First of all, thanks Tim for your reply.
Tim Holloway wrote:Just to be clear, I'm taking it as a given that you're NOT attempting to do any sort of threading here, that these are, in fact, multiple concurrent client requests. Because although it may not be apparent, most of the business logic in a Spring Boot app runs under a Servlet or JSP and both of those are absolutely forbidden to spawn threads.

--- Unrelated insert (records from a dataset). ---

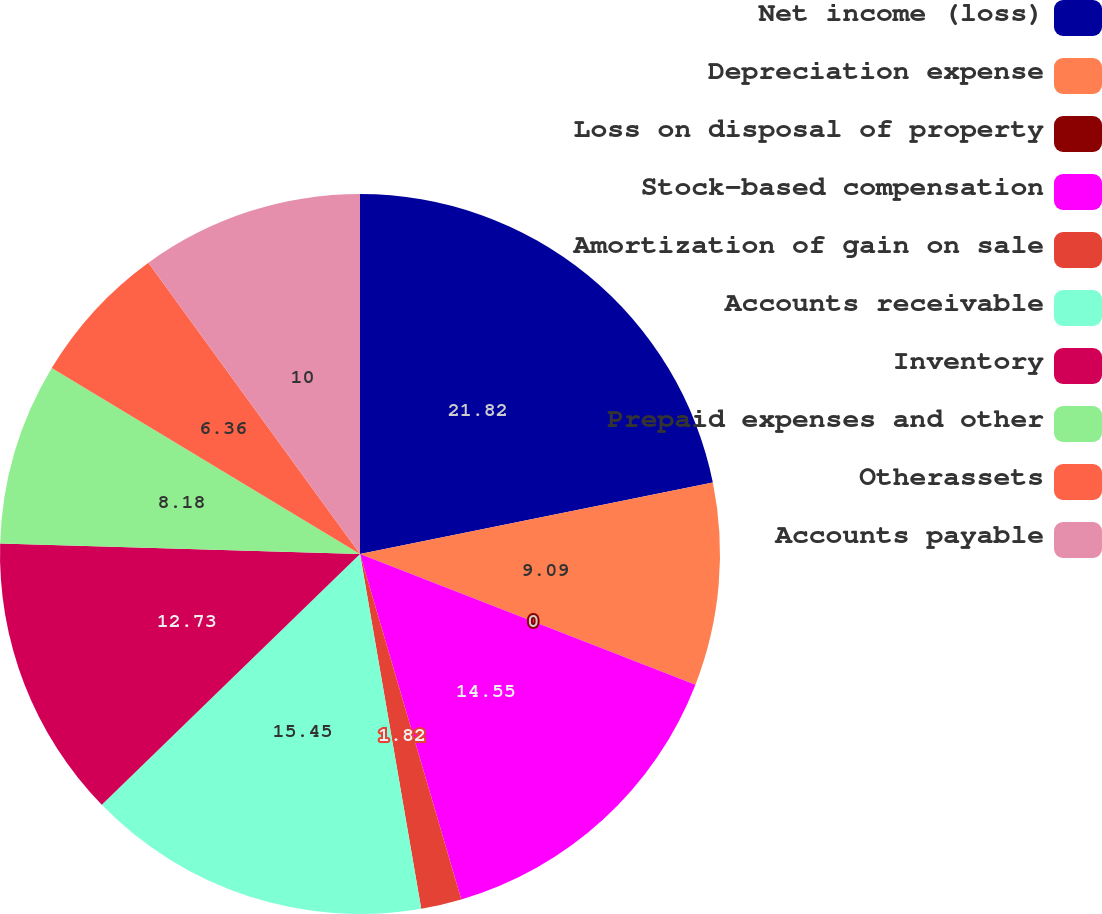Convert chart. <chart><loc_0><loc_0><loc_500><loc_500><pie_chart><fcel>Net income (loss)<fcel>Depreciation expense<fcel>Loss on disposal of property<fcel>Stock-based compensation<fcel>Amortization of gain on sale<fcel>Accounts receivable<fcel>Inventory<fcel>Prepaid expenses and other<fcel>Otherassets<fcel>Accounts payable<nl><fcel>21.82%<fcel>9.09%<fcel>0.0%<fcel>14.55%<fcel>1.82%<fcel>15.45%<fcel>12.73%<fcel>8.18%<fcel>6.36%<fcel>10.0%<nl></chart> 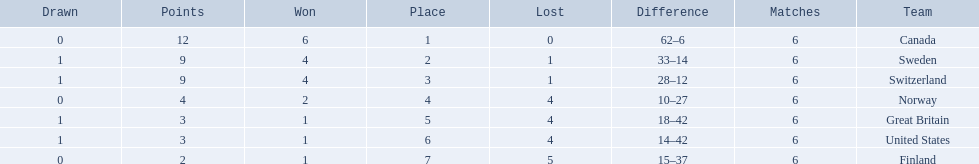Which are the two countries? Switzerland, Great Britain. What were the point totals for each of these countries? 9, 3. Of these point totals, which is better? 9. Which country earned this point total? Switzerland. 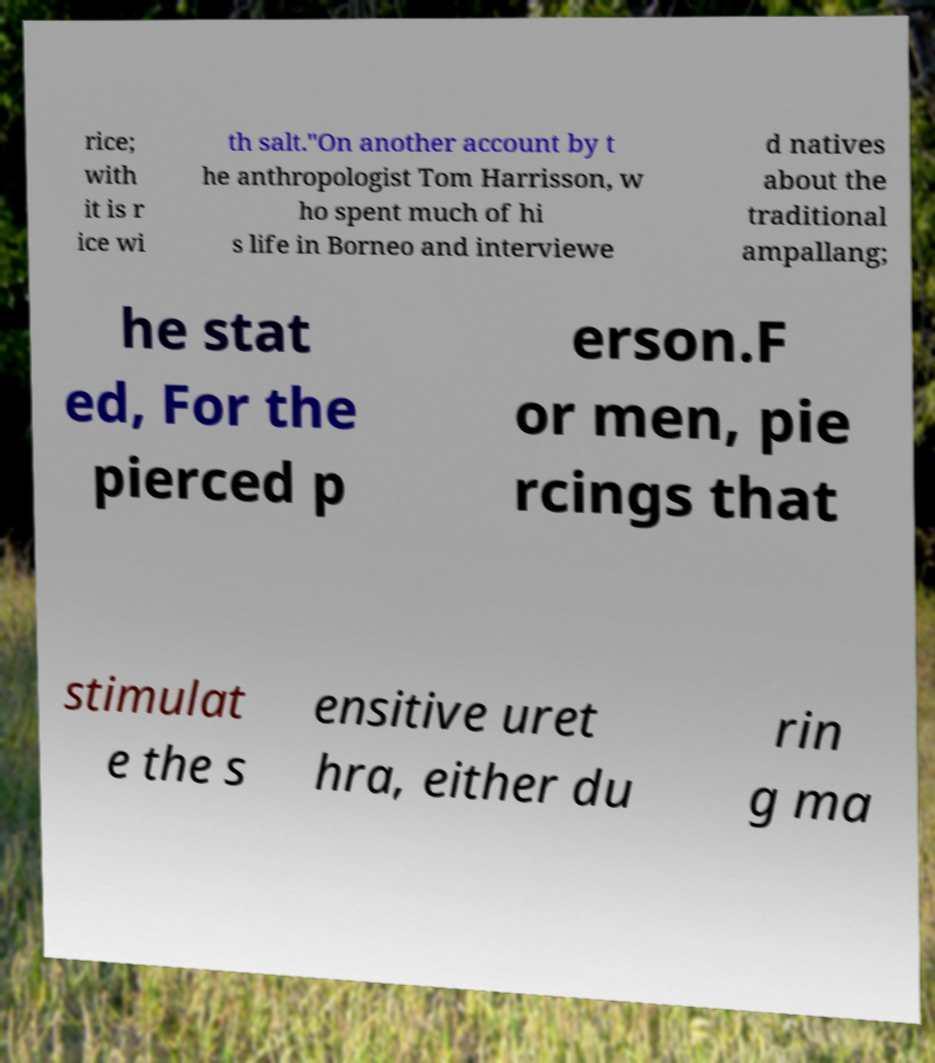Can you accurately transcribe the text from the provided image for me? rice; with it is r ice wi th salt."On another account by t he anthropologist Tom Harrisson, w ho spent much of hi s life in Borneo and interviewe d natives about the traditional ampallang; he stat ed, For the pierced p erson.F or men, pie rcings that stimulat e the s ensitive uret hra, either du rin g ma 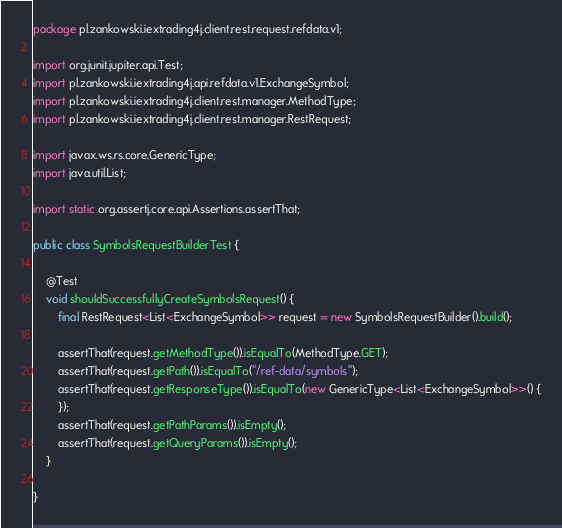Convert code to text. <code><loc_0><loc_0><loc_500><loc_500><_Java_>package pl.zankowski.iextrading4j.client.rest.request.refdata.v1;

import org.junit.jupiter.api.Test;
import pl.zankowski.iextrading4j.api.refdata.v1.ExchangeSymbol;
import pl.zankowski.iextrading4j.client.rest.manager.MethodType;
import pl.zankowski.iextrading4j.client.rest.manager.RestRequest;

import javax.ws.rs.core.GenericType;
import java.util.List;

import static org.assertj.core.api.Assertions.assertThat;

public class SymbolsRequestBuilderTest {

    @Test
    void shouldSuccessfullyCreateSymbolsRequest() {
        final RestRequest<List<ExchangeSymbol>> request = new SymbolsRequestBuilder().build();

        assertThat(request.getMethodType()).isEqualTo(MethodType.GET);
        assertThat(request.getPath()).isEqualTo("/ref-data/symbols");
        assertThat(request.getResponseType()).isEqualTo(new GenericType<List<ExchangeSymbol>>() {
        });
        assertThat(request.getPathParams()).isEmpty();
        assertThat(request.getQueryParams()).isEmpty();
    }

}
</code> 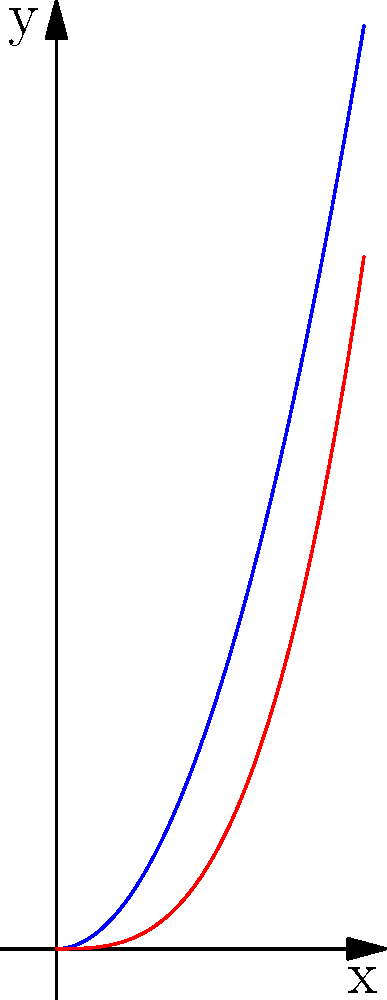In a biological study of two species' habitats, the boundary of Species A's habitat is represented by the function $f(x) = 2x^2$, while Species B's habitat boundary is given by $g(x) = x^3$. Calculate the area of the overlapping region between these two habitats in the interval $[0,1]$. How might this information be relevant to government policy on habitat conservation? To solve this problem, we need to follow these steps:

1) First, we need to find the area between the two curves. This is given by the definite integral of the difference between the upper and lower functions:

   $$\text{Area} = \int_{0}^{1} (f(x) - g(x)) dx$$

2) Substituting our functions:

   $$\text{Area} = \int_{0}^{1} (2x^2 - x^3) dx$$

3) Now we integrate:

   $$\text{Area} = \left[\frac{2x^3}{3} - \frac{x^4}{4}\right]_{0}^{1}$$

4) Evaluate the integral at the limits:

   $$\text{Area} = \left(\frac{2}{3} - \frac{1}{4}\right) - (0 - 0) = \frac{2}{3} - \frac{1}{4} = \frac{8}{12} - \frac{3}{12} = \frac{5}{12}$$

This result shows the overlapping area of the two species' habitats. In terms of government policy and habitat conservation, this information could be crucial for:

1) Determining the extent of shared resources between species
2) Assessing the potential for inter-species competition
3) Planning conservation efforts that benefit multiple species
4) Allocating budget for habitat protection based on the degree of overlap
5) Developing policies that consider the interconnectedness of different species' habitats
Answer: $\frac{5}{12}$ square units 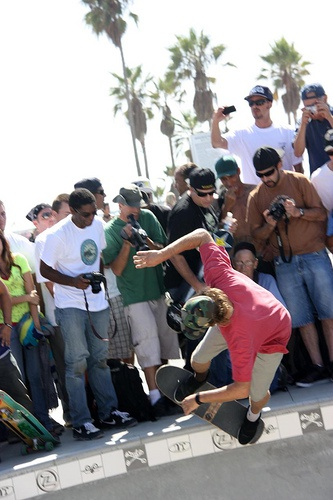Describe the objects in this image and their specific colors. I can see people in white, brown, black, and lightgray tones, people in white, black, lavender, gray, and navy tones, people in white, black, maroon, gray, and darkblue tones, people in white, black, gray, and darkgray tones, and people in white, gray, black, and teal tones in this image. 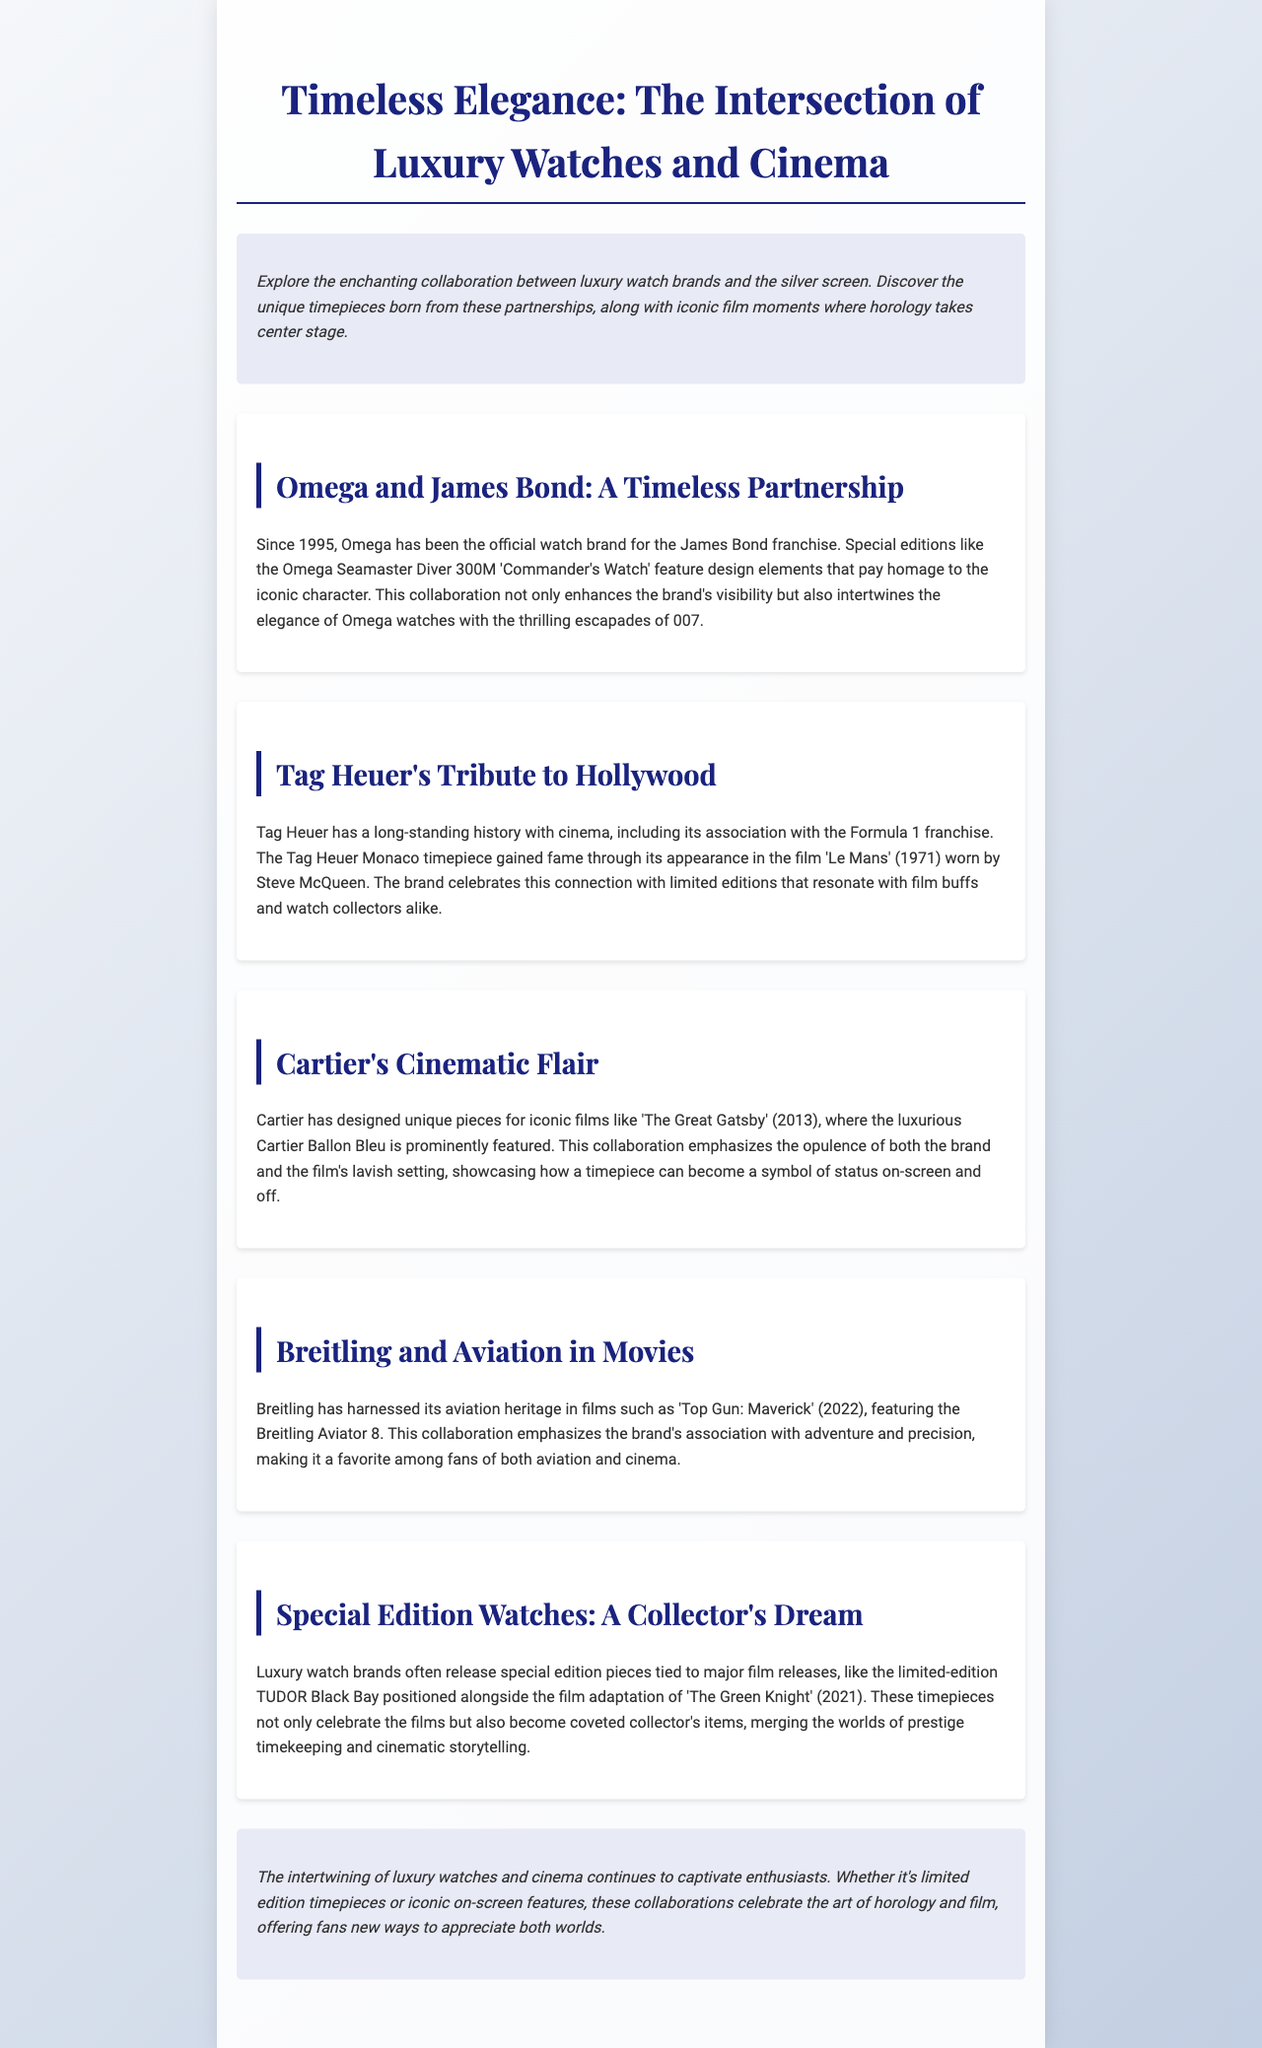What year did Omega become the official watch brand for James Bond? Omega has been the official watch brand for the James Bond franchise since 1995, as stated in the document.
Answer: 1995 Which watch brand is associated with the film 'Le Mans'? The document mentions Tag Heuer's connection to the film 'Le Mans', highlighting the Tag Heuer Monaco timepiece worn by Steve McQueen.
Answer: Tag Heuer What is the name of the Cartier timepiece featured in 'The Great Gatsby'? The document specifies the Cartier Ballon Bleu as a luxurious timepiece featured in 'The Great Gatsby' (2013).
Answer: Cartier Ballon Bleu Which film showcases the Breitling Aviator 8? The document states that Breitling's Aviator 8 was featured in 'Top Gun: Maverick' (2022).
Answer: Top Gun: Maverick What is the special edition watch mentioned in connection with 'The Green Knight'? The document highlights the limited-edition TUDOR Black Bay in relation to the film adaptation of 'The Green Knight' (2021).
Answer: TUDOR Black Bay How do special edition watches benefit collectors? The document explains that special edition timepieces become coveted collector's items, thus merging prestige timekeeping and cinematic storytelling.
Answer: Coveted collector's items What theme connects luxury watches and cinema according to the closing paragraph? The closing paragraph emphasizes the captivating intertwining of luxury watches and cinema, illustrating their connection in unique collaborations.
Answer: Intertwining of luxury watches and cinema What genre of films does Breitling primarily relate to? The document indicates that Breitling has a strong association with aviation-themed films like 'Top Gun: Maverick'.
Answer: Aviation What is the overall purpose of the newsletter? The newsletter aims to showcase the enchanting collaboration between luxury watch brands and cinema, highlighting unique timepieces and iconic film moments.
Answer: Showcase collaboration 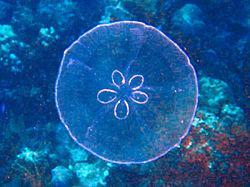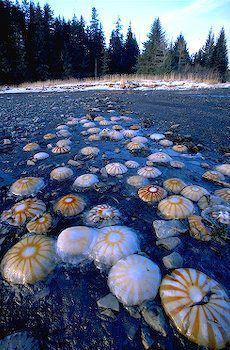The first image is the image on the left, the second image is the image on the right. For the images displayed, is the sentence "The left image shows masses of light blue jellyfish viewed from above the water's surface, with a city horizon in the background." factually correct? Answer yes or no. No. The first image is the image on the left, the second image is the image on the right. Considering the images on both sides, is "there are many jellyfish being viewed from above water in daylight hours" valid? Answer yes or no. Yes. 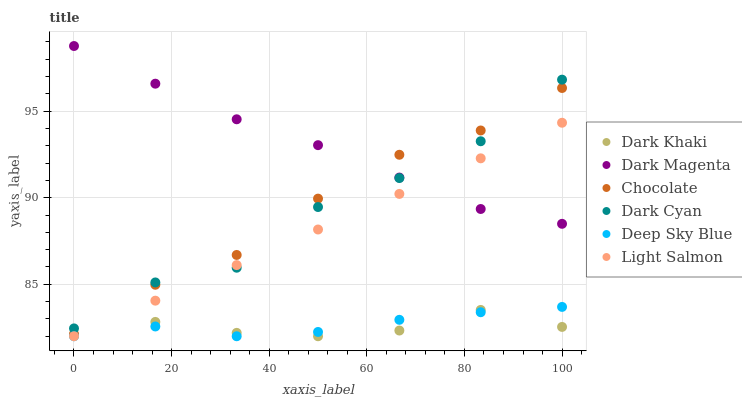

Correct, I'm not starting manual threads anywhere: anyway, concurrent requests handling very same object may happen. The whole scenario is that
before I optimized @Service code responsible to handle the business transaction, an user had to wait about 1.5 minutes (!!) before the transaction completes. Somehow, an user managed to execute the very same request twice in a really short time (we actually think that the web UI allowed them to execute some kind of double click). The result was: whole transaction executed twice.
Tim Holloway wrote:
As far as database locking goes, my understanding of Optimistic Locking in JPA is that before an update is posted the JPA infrasstructure does a fetch of the affected record(s) and checks to make sure no one has modified them elsewhere, throwing an Exception if they have. Been there/done that.
My own database logic, which I've often mentioned elsewhere on the Ranch has essentially 3 layers.
* The Entity Layer, which (surprise!) defines the table and View Entity classes.
* The DAO Layer, which is primarily concerned with CRUD and finders for individual tables, or tightly-bound parent-child table pairs. Lately Spring Data's repository feature has supplanted a lot of the brute-force logic for me.
* The Service Layer. This layer works on a "working set" of related records (a directed graph). It detaches the graph from the JPA system before returning a fetched set to the higher levels of the app and it re-attaches (merges) when the business levels request a Service method to update the datastore. The Service layer delegates its dirty work to the DAOs.
Both the Service Layer and DAO layer classes are marked @Transactional,wwhere the DAO transactions get adopted into the transaction of the service that uses them (I forget the exact name of that option, though).
I'd say it's a textbook solution...
Tim Holloway wrote:
Once a Service is bound in a Transaction, it will either queue behind other Transactions or throw a locking Exception if it cannot otherwise resolve matters. In the case of a lock exception, the service is going to have to re-think its own changes to whatever Entities had conflicting requests and resolve them before trying again. Which sounds intimidating, but isn't something I've had many problems with.
Well, this should depend actually on isolation level of the transaction, but i don't think it it's enough to prevent lost updates without some kind of checking on data. Suppose two distinct transactions are trying to perform some kind of action on a given entity at the same time: a possible scenario is the following:
a) Tx A tries a SELECT FOR UPDATE on entity and gets the lock;
b) Tx B tries a SELECT FOR UPDATE on the same entity and waits for some time before getting a Locking Timeout or something similar;
c) Tx A commits the transaction and releases the lock
d) Tx B is granted the lock on the entity, and commits, overriding data set by transaction A.
At the very end, one needs to
thread some business transactions as not-repeatable, and to use some property (a status of the entity, for example, to mark it as "processed"), but this not a job that a framework may accomplish by its own. A solution may be to throwing a LockingException immediately, and rollback the transaction.
Anyway my question was about a pattern to follow whenever you cannot add a @Version attribute to an entity for any reason. The approach I followed was to use an "OptimisticLock" entity which unique key is derived by the actual entity being persisted, and work on @Version field of the wrapping an OptimisticLock.
To be honest, I think that is the entity design is flawed and it would be wise to fix it before it's too late.